Tim Wu, em outro artigo, analisa as consequências desse ambiente para a esfera pública e até mesmo para a democracia como um todo. O free speech foi engendrado quando atingir o público era difícil. Mas nas redes sociais é fácil falar, o difícil é ser ouvido. Logo, governos autoritários têm adotado a técnica de postar em massa nas redes sociais contrariamente à opinião de seus críticos por meio de bots, realizando uma censura que não impede ninguém de falar, mas abafa vozes em contrário. Uma censura reversa, portanto12.

A mesma coisa ocorre no nicho do direito: notáveis professores e autores de obras de vulto postam conteúdo nas redes sociais, mas quase não são lidos ou ouvidos. Esta seria a chance de jogar o "sarrafo para cima" no espaço virtual. Todavia, a commodity da atenção é praticamente monopolizada por influencers jurídicos, neutralizando outras vozes.

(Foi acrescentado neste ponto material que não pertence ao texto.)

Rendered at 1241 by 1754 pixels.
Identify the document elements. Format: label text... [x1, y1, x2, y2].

Essas e outras incongruências levaram Siva Vaidhyanathan a chamar as redes sociais de "redes antissociais"13. Resta saber se dependeremos da tolerância das plataformas ou se haverá lei que os obrigue a agir diferente, ao menos coibindo tais práticas.

*Nelson Rosenvald é procurador de Justiça do Ministério Público de Minas Gerais. Professor do Doutorado e Mestrado do IDP/DF. Pós-Doutor em Direito Civil - Universitá Roma Tre (IT-2011). Pós-Doutor em Direito Societário na Universidade de Coimbra (PO-2017). Visiting Academic - Oxford University (UK-2016-2017). Professor Visitante na Universidade Carlos III (ES-2018). Doutor e Mestre pela PUC/SP. Presidente do Instituto Brasileiro de Responsabilidade Civil (IBERC). Fellow of the European Law Institute (ELI). Member of the Society of Legal Scholars (UK). Membro do Grupo Ibero-americano de Responsabilidade Civil. Membro do Comitê Científico da revista Actualidad Jurídica Ibero-americana (España).

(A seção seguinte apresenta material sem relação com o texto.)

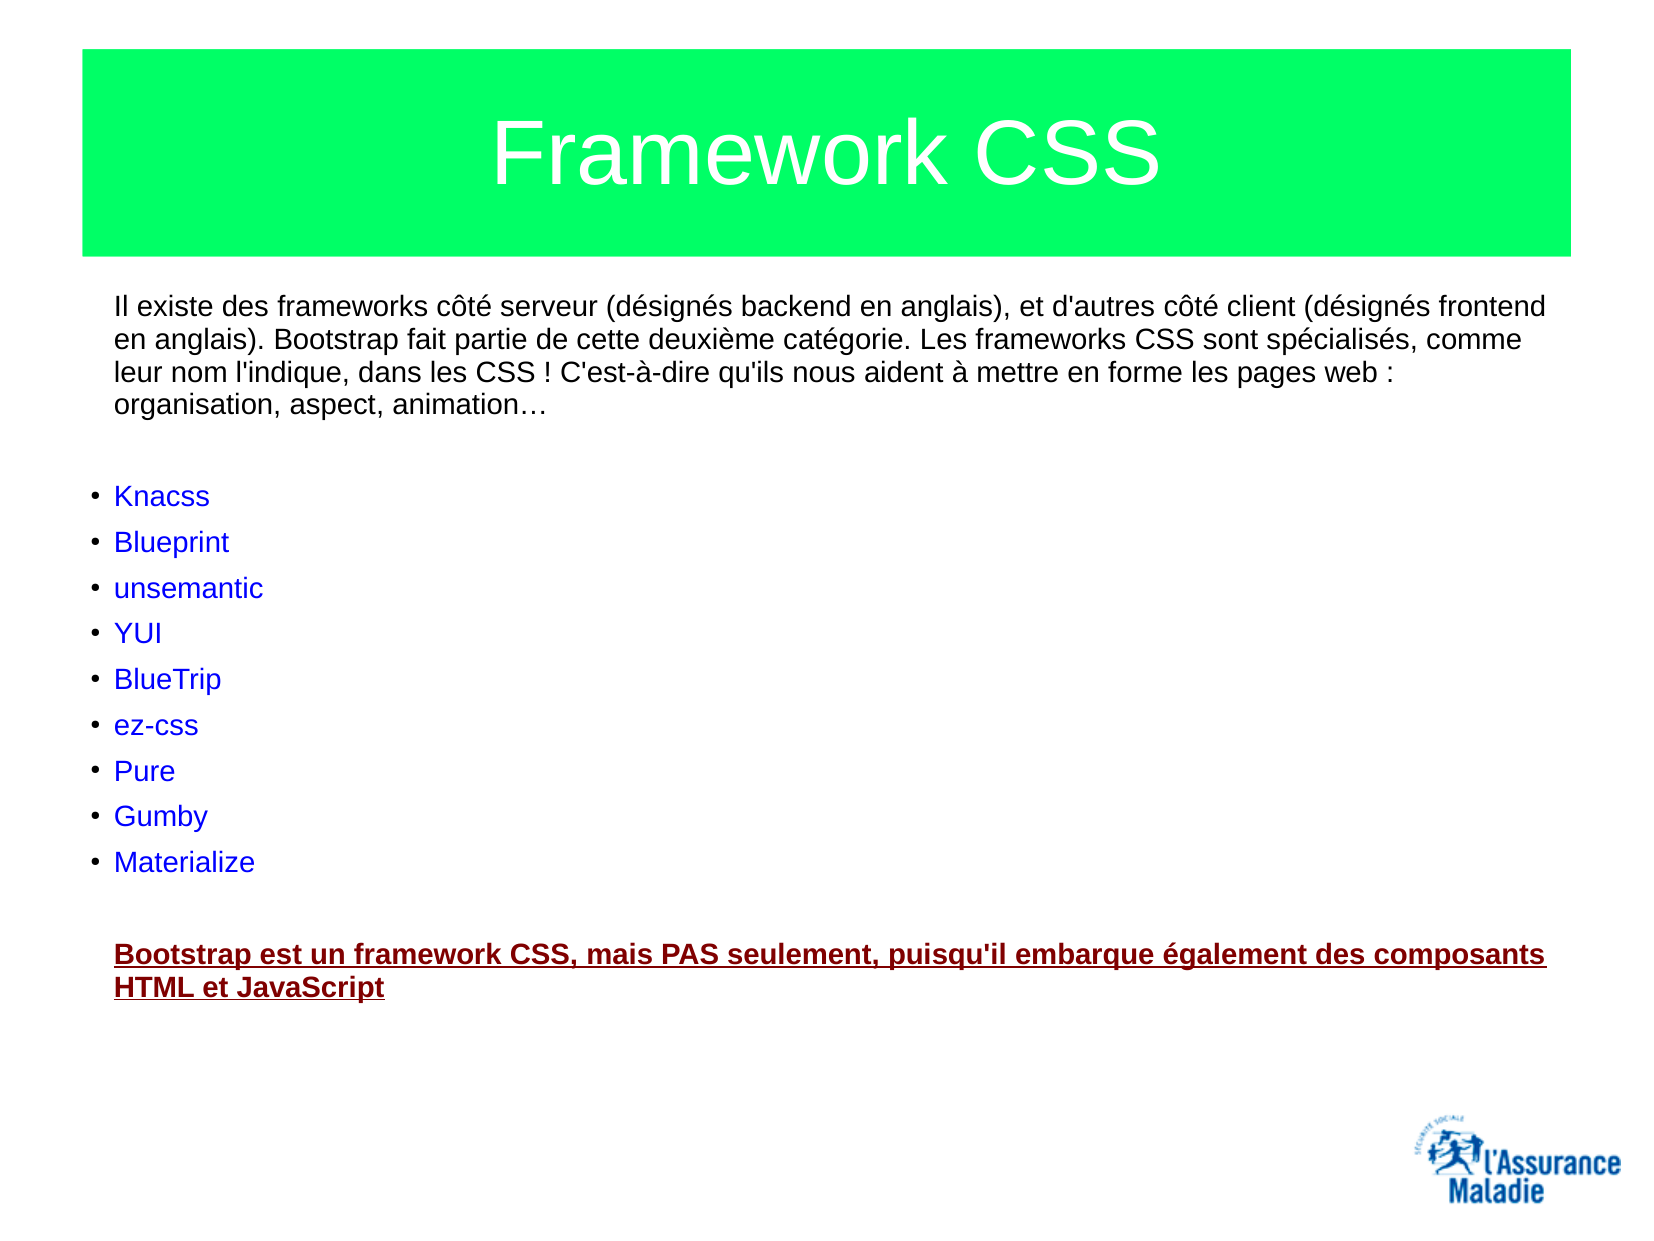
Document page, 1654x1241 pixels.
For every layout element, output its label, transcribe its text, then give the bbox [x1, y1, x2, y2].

title Framework CSS [82, 49, 1571, 257]
list Il existe des frameworks côté serveur (désignés backend en anglais), et d'autres côté client (désignés frontend en anglais). Bootstrap fait partie de cette deuxième catégorie. Les frameworks CSS sont spécialisés, comme leur nom l'indique, dans les CSS ! C'est-à-dire qu'ils nous aident à mettre en forme les pages web : organisation, aspect, animation… Knacss Blueprint unsemantic YUI BlueTrip ez-css Pure Gumby Materialize Bootstrap est un framework CSS, mais PAS seulement, puisqu'il embarque également des composants HTML et JavaScript [82, 290, 1571, 1010]
picture [1393, 1111, 1621, 1205]

**João Victor Rozatti Longhi é defensor público no Estado do Paraná. Professor visitante de Doutorado e Mestrado da Universidade Estadual do Norte do Paraná (UENP) e de Graduação do Centro de Ensino Superior de Foz do Iguaçu (CESUFOZ). Pós-Doutor em Direito na UENP. Doutor em Direito Público pela Faculdade de Direito da USP - Largo de São Francisco. Mestre em Direito Civil pela Faculdade de Direito da UERJ. WU, Tim. The Attention Merchants: the epic scramble to get inside our heads. Nova Iorque: Vintage Books, 2016. p. 6.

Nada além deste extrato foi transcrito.